Dans le cadre de la décentralisation de la législation camerounaise, il est important de noter que la  convention d'aménagement d'une forêt communautaire ne confère à la communauté, ni des droits de propriétés sur le domaine, ni quelques titres de propriété sur la forêt elle-même. Dans les deux cas, les droits de propriétés sur le domaine foncier et sur la forêt demeurent ceux de l'Etat. Toutefois, les avantages dont bénéficie la communauté sont définis dans le cadre du plan simple de gestion concédé ; encore que « le plan de zonage provisoire des régions forestières de 1993 a été établi sans la participation [des populations] » (CERUTTI et TACCONI, 2006). Il est donc difficile de parler de gestion participative de la biodiversité en général et des forêts en particulier, à moins que l'Etat ne repense une redéfinition des conventions d'attribution des forêts communautaires et des concessions en offrant une place de choix aux populations locales (autochtones et allogènes) pour une bonne prise en compte de leurs intérêts et de leurs « droits de copropriété » du patrimoine forestier national.

L'état ne remplit pas entièrement ses obligations envers les populations. Par exemple si la RFA était convenablement reversée et bien gérée, les paysans exerceraient moins de pressions et poseraient moins de problèmes (HULEUX, 2007)26(*).

La politique de gestion forestière durable du Cameroun, basée principalement sur la loi 20 janvier 1994 est complète. Elle peut à elle seule garantir l'aménagement durable des forêts, la préservation des intérêts des parties prenantes dans l'exploitation; bref, au regard du contenu de la loi forestière, elle peut garantir à peu près à 70 % une gestion responsable du massif forestier camerounais.
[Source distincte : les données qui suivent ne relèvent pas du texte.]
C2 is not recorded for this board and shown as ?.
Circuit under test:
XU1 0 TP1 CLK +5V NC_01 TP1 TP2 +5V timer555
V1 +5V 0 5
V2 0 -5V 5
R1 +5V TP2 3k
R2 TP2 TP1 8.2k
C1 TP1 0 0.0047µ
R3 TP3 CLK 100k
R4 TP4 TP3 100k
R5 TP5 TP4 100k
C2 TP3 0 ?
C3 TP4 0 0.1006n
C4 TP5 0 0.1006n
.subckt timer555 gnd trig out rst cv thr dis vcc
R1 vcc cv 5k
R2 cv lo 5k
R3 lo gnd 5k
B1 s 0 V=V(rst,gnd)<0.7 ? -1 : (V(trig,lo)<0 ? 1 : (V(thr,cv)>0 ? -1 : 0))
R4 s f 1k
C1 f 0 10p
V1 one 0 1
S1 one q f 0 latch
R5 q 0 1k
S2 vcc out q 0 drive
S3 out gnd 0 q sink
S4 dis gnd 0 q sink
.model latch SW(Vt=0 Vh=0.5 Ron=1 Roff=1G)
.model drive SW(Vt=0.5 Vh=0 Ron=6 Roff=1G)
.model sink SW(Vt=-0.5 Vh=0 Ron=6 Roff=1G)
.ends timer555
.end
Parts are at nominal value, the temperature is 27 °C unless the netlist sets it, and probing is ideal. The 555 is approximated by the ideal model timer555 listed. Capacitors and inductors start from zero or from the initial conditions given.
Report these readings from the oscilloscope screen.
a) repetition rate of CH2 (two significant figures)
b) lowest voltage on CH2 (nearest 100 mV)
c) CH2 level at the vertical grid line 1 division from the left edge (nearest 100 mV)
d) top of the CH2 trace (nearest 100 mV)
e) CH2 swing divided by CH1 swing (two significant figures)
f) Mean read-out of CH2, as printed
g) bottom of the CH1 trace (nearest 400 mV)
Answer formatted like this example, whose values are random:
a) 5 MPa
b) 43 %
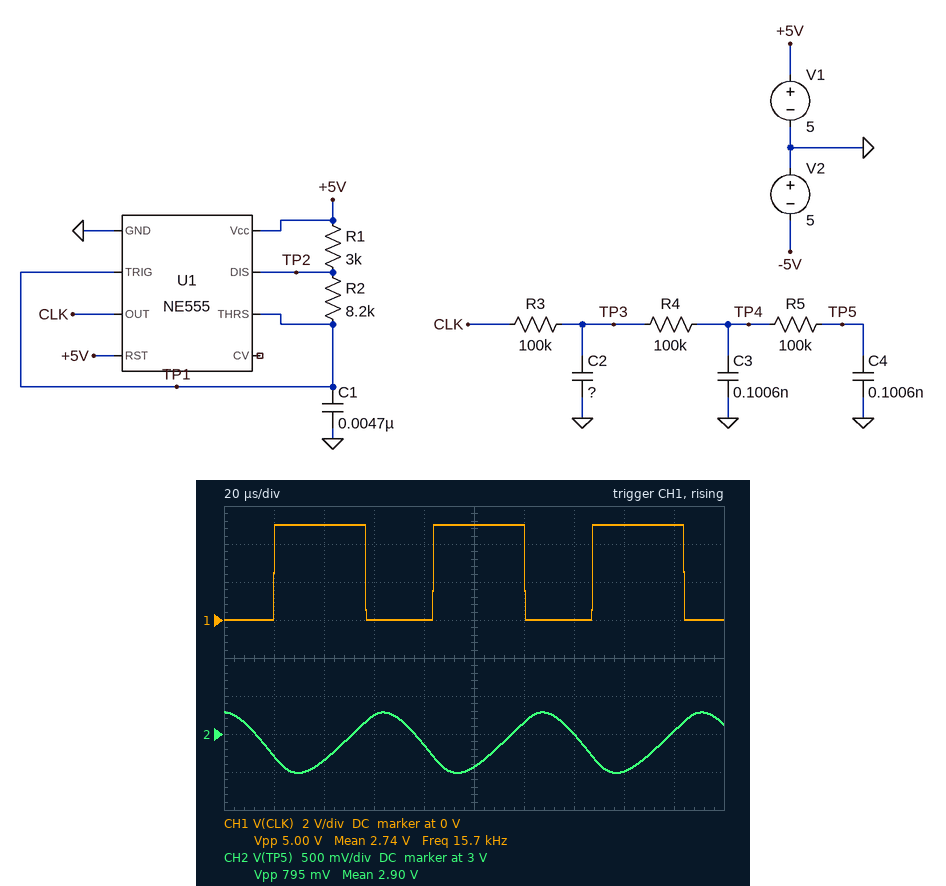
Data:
a) 16 kHz
b) 2.5 V
c) 2.7 V
d) 3.3 V
e) 0.16
f) 2.90 V
g) 0 V
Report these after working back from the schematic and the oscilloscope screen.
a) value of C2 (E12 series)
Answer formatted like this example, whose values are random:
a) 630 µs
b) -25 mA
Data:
a) 180 pF
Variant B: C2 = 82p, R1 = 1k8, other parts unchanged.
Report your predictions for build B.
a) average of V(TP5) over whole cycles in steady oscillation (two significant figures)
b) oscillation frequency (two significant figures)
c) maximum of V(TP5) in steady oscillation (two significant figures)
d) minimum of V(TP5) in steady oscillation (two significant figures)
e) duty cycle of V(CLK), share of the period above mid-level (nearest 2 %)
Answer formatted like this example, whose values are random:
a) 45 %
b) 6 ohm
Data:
a) 2.7 V
b) 17 kHz
c) 3.2 V
d) 2.2 V
e) 54 %
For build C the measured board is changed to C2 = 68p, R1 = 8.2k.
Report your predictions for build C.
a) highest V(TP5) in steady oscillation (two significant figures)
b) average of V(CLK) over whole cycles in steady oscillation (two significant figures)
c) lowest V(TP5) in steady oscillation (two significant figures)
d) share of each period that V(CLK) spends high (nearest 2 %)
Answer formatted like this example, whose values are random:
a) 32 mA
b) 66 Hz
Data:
a) 4.0 V
b) 3.3 V
c) 2.6 V
d) 66 %
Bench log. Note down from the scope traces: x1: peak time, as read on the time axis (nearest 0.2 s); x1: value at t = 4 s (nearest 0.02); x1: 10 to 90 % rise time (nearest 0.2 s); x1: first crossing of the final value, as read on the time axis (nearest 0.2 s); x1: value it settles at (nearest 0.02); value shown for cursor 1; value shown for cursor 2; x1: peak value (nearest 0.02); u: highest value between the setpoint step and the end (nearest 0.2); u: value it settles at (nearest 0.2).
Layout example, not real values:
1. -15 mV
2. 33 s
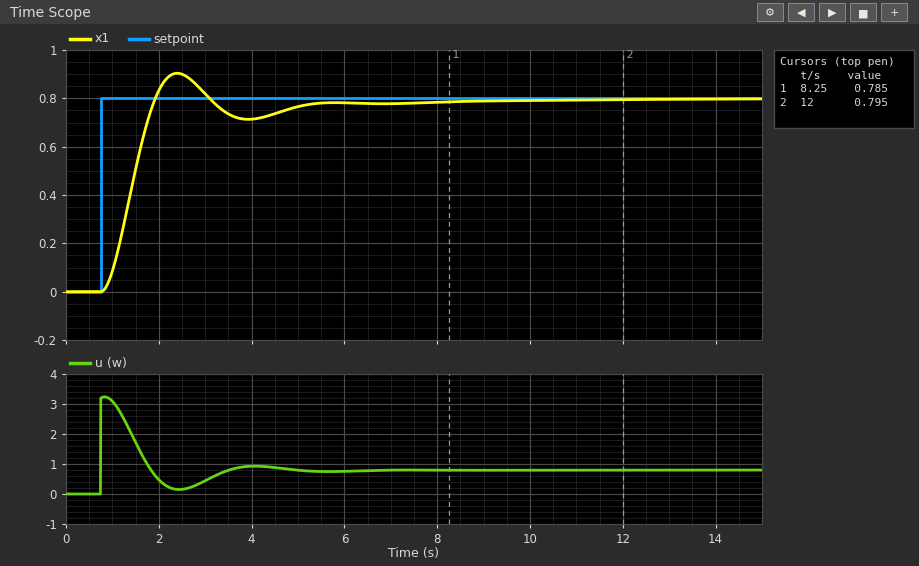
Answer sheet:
1. 2.4 s
2. 0.72
3. 0.8 s
4. 2.0 s
5. 0.80
6. 0.785
7. 0.795
8. 0.90
9. 3.2
10. 0.8
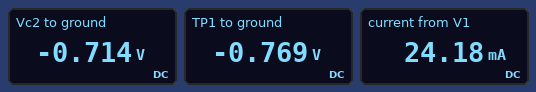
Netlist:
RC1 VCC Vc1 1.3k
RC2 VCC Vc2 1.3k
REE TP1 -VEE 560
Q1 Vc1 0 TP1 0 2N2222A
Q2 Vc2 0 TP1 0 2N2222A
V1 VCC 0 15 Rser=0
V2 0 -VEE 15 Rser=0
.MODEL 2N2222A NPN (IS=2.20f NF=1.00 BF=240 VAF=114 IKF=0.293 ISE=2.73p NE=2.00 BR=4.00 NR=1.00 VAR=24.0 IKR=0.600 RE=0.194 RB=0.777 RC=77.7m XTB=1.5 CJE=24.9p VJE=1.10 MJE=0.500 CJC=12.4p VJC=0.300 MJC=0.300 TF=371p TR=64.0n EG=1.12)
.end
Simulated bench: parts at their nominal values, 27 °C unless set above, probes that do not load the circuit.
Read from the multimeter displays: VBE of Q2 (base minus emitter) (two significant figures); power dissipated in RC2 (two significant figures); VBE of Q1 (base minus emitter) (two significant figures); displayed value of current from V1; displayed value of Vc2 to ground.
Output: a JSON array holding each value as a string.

["770 mV", "190 mW", "770 mV", "24.18 mA", "-0.714 V"]
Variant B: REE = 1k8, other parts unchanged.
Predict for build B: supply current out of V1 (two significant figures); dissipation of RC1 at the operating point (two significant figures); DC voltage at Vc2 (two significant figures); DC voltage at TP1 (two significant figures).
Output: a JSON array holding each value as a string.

["7.9 mA", "20 mW", "9.9 V", "-730 mV"]
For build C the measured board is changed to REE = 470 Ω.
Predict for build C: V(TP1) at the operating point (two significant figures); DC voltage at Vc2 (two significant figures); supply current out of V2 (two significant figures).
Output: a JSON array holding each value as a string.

["-790 mV", "-760 mV", "30 mA"]
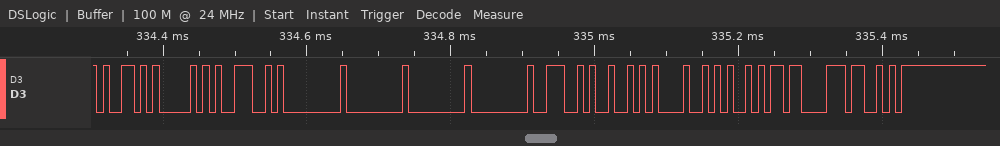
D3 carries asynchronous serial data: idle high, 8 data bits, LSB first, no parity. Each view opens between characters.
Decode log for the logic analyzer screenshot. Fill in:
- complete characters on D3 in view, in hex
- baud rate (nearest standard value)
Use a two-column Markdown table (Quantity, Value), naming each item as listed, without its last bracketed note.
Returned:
| Quantity | Value |
|---|---|
| complete characters on D3 in view, in hex | 59, 50, 4E, 00, 00, 00, 00, 4E, 52, 48, A9, C3, 53 |
| baud rate | 115200 baud |
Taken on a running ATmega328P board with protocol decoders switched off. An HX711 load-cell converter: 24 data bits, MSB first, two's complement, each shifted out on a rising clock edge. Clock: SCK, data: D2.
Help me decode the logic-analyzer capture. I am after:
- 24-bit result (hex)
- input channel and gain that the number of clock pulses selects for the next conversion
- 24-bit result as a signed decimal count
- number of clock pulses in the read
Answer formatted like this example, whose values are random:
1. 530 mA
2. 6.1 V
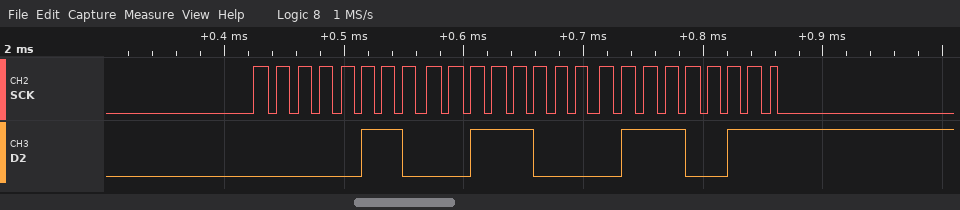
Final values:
1. 0x063873
2. channel A, gain 128
3. 407667
4. 25
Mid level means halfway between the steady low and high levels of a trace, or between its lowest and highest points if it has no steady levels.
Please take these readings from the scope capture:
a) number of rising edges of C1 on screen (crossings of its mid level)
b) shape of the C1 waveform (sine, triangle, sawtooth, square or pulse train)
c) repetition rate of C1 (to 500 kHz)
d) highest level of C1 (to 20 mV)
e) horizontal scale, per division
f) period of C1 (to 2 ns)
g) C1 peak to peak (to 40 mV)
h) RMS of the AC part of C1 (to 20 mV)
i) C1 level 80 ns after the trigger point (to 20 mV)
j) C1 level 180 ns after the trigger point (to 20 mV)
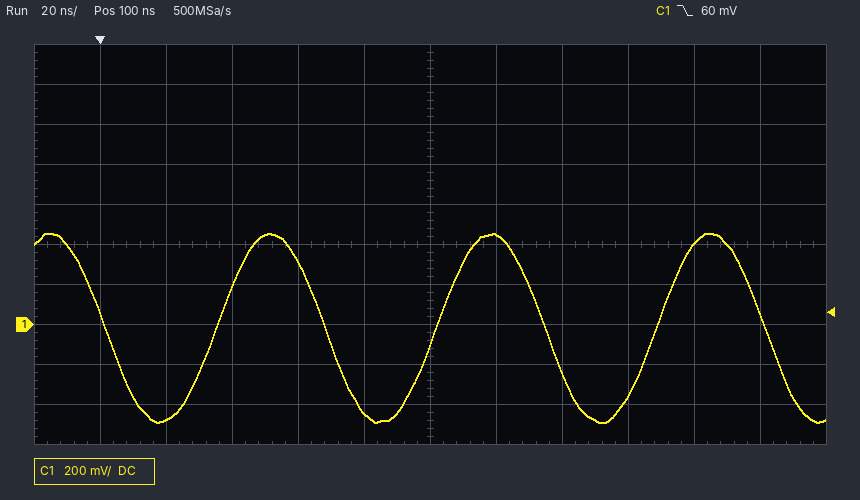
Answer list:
3
sine
15.0 MHz
460 mV
20 ns
66 ns
960 mV
340 mV
-440 mV
400 mV

Cependant, l'Etat rencontre de grandes difficultés pour financer le fonctionnement de son administration forestière, cette dernière est défaillante et ne peut veiller à l'application de cette loi, les agents, insuffisants, sont mal formés, moins rémunérés, corrompus pour certains, et se tiennent trop souvent éloignés du terrain (BERGONZINI, 2000). Malgré de multitudes reformes et conventions ratifiées par le gouvernement, l'illégalité et l'anarchie dans la gestion perdurent, les forêts camerounaises font encore l'objet de pillage systématique de la part des entreprises forestières (FAO, 2005). Il existe encore deux grandes catégories d'activités illégales notamment (i) les coupes illégales (les coupes hors limites de la zone d'exploitation autorisée, les coupes sans autorisation, les sous-traitances de l'exploitation de coupe, les coupes d'arbres aux diamètres inférieurs aux DME, le non respect des restrictions locales (ex. coupe de moabis dans un rayon de 5 km d'un village)) et (ii) les fausses déclarations (le volume de bois non déclaré a été récemment estimé à 1/3 de la production totale27(*)...)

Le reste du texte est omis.